For fund managers that currently do not have their fund products included in the MPF regime, this represents a new opportunity to tap into the USD160 billion market for long-term savings, by creating new funds or convert existing funds, that meet the MPF regulatory and compliance requirements. Until now, market entry has required providers to create retirement schemes with all the administrative chores that implies. With the launch of the eMPF Platform, it is now possible for fund management companies to participate by simply offering their funds alone.
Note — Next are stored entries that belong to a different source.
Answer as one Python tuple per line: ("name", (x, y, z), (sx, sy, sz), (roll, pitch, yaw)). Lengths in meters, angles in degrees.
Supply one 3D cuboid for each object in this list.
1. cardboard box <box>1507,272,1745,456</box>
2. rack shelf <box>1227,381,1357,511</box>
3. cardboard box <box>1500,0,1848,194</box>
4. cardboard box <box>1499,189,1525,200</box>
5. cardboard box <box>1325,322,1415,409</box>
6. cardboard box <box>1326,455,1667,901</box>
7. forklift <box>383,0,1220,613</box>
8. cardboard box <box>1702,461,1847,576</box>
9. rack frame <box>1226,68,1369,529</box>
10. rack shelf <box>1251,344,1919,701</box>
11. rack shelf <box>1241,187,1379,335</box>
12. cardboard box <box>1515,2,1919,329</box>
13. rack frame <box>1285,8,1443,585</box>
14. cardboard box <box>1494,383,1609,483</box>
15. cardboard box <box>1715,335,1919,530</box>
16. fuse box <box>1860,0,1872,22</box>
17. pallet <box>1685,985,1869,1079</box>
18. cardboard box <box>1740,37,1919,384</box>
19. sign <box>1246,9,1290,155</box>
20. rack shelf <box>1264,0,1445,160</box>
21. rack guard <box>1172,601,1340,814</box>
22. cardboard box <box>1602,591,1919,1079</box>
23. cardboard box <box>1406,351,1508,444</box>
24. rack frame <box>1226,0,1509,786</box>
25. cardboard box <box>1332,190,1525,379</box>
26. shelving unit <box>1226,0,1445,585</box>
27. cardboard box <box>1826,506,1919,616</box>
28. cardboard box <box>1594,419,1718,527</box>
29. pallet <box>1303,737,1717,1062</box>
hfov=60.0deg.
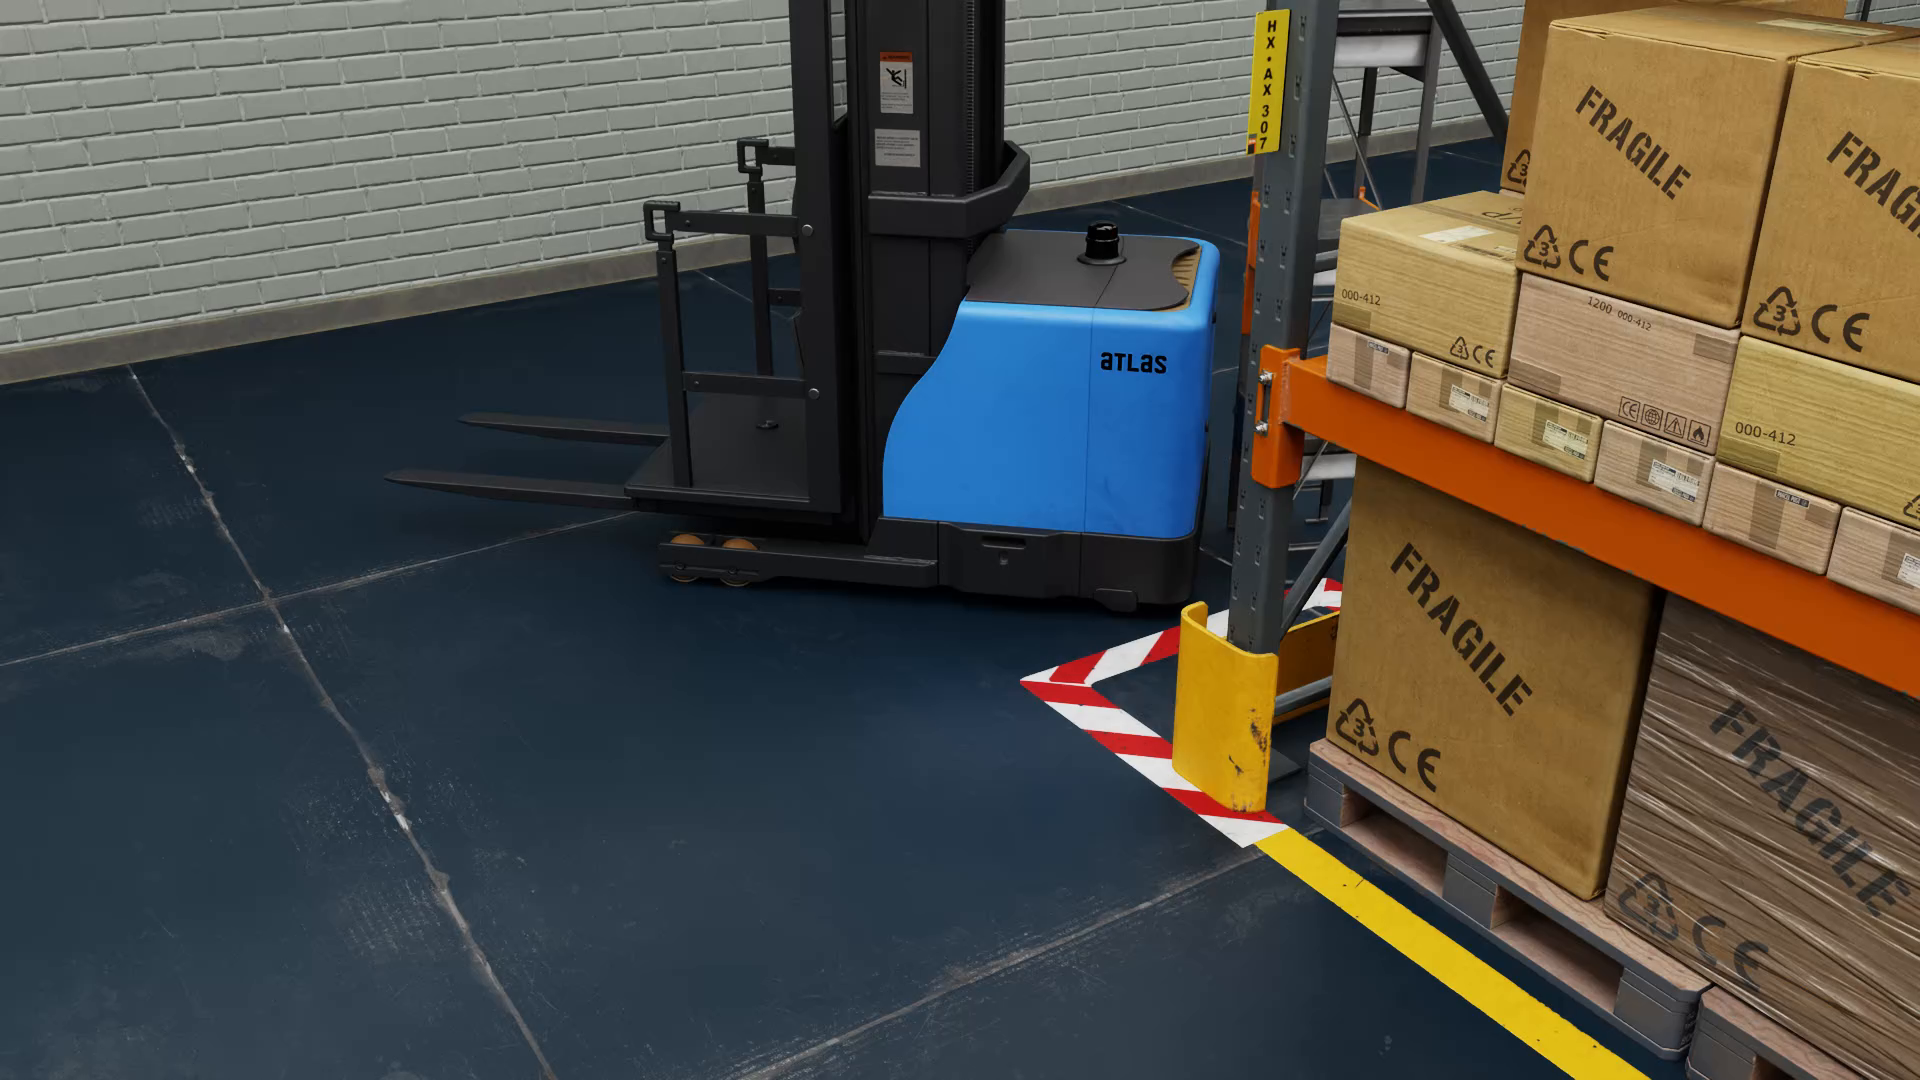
("cardboard box", (1.515, -0.419, 3.452), (0.500, 0.250, 0.500), (-16, 30, -30))
("rack shelf", (1.255, -0.259, 6.007), (0.431, 0.518, 0.480), (-4, 26, -8))
("cardboard box", (1.676, -1.064, 3.940), (0.500, 0.500, 0.500), (-15, 29, -29))
("cardboard box", (1.677, -0.727, 4.103), (0.500, 0.250, 0.500), (-16, 30, -30))
("cardboard box", (1.107, -0.454, 3.992), (0.380, 0.149, 0.250), (-15, 29, -29))
("cardboard box", (1.606, 0.210, 4.289), (0.875, 0.875, 0.875), (-16, 29, -30))
("forklift", (-0.611, -1.375, 5.730), (3.031, 2.935, 1.130), (5, 26, 10))
("cardboard box", (1.670, -0.087, 3.215), (0.380, 0.149, 0.250), (-16, 30, -31))
("rack frame", (1.216, -1.006, 5.918), (0.400, 2.100, 0.015), (-4, 26, -8))
("rack shelf", (2.282, 0.269, 3.009), (1.077, 0.370, 4.000), (-16, 29, -30))
("rack shelf", (1.255, -0.890, 5.706), (0.431, 0.518, 0.480), (-4, 26, -8))
("cardboard box", (1.498, -0.764, 3.303), (0.500, 0.500, 0.500), (-16, 30, -31))
("rack frame", (1.295, -0.799, 5.483), (0.400, 2.100, 0.015), (-4, 26, -8))
("cardboard box", (1.388, -0.271, 3.605), (0.380, 0.149, 0.250), (-16, 30, -31))
("cardboard box", (1.786, -0.239, 3.069), (0.500, 0.250, 0.500), (-17, 30, -31))
("fuse box", (8.235, -4.947, 14.725), (0.539, 1.711, 0.414), (-16, 29, -30))
("pallet", (2.354, 1.193, 3.475), (1.003, 0.211, 1.213), (-16, 29, -30))
("cardboard box", (1.786, -0.580, 2.914), (0.500, 0.500, 0.500), (-16, 30, -31))
("sign", (0.721, -1.072, 3.899), (0.100, 0.325, 0.005), (-16, 29, -30))
("rack shelf", (1.256, -1.522, 5.405), (0.431, 0.518, 0.480), (-4, 26, -8))
("rack guard", (1.177, 0.350, 4.922), (1.175, 0.500, 0.348), (-16, 29, -30))
("cardboard box", (2.103, 0.535, 3.600), (0.875, 0.875, 0.875), (-16, 29, -30))
("cardboard box", (1.248, -0.363, 3.799), (0.380, 0.149, 0.250), (-16, 30, -30))
("rack frame", (1.190, -0.772, 4.371), (1.000, 3.000, 0.127), (-16, 29, -30))
("cardboard box", (1.226, -0.604, 3.842), (0.500, 0.250, 0.500), (-16, 30, -31))
("shelving unit", (1.255, -0.903, 5.700), (0.431, 2.100, 0.503), (-4, 26, -8))
("cardboard box", (1.811, 0.005, 3.019), (0.380, 0.149, 0.250), (-16, 30, -30))
("cardboard box", (1.532, -0.178, 3.408), (0.380, 0.149, 0.250), (-16, 30, -30))
("pallet", (1.692, 0.757, 4.399), (1.003, 0.211, 1.213), (-16, 29, -30))

For managers not currently offering products in the MPF space, this is a great new opportunity. They will need to work closely with experienced local service providers such as Standard Chartered to ensure they have the right set up.
Typically, a fund is required to meet the following minimum standards in order to be approved within the MPF system:
Is set up and domiciled in Hong Kong
Has a MPFA approved trustee (based in Hong Kong) and investment manager
Is invested into approved securities markets, locally or globally, directly or via underlying funds
Is denominated in Hong Kong dollars
While the MPF offers over 370 fund choices, certain sectors remain underrepresented. For example, High Yield Fixed Income products are popular in the retail market but have limited availability in the MPF space. “Decumulation” funds which are popular in many Western markets and allows retirees to “draw down” on their accumulated assets, may present another opportunity for fund managers, as there are few of such funds in Hong Kong to date.
The Mutual Recognition of Funds (MRF) scheme, established almost 10 years ago, allows cross-border sales of mutual funds between Hong Kong and China, enabling retail investors in each jurisdiction to access approved funds.
A key initiative under the “Connect Schemes” is the Wealth Management Connect (WMC), which was launched almost three years ago, that allows sale of non-complex funds approved and domiciled in Hong Kong to the 75 million residents of the Greater Bay Area (GBA) of China.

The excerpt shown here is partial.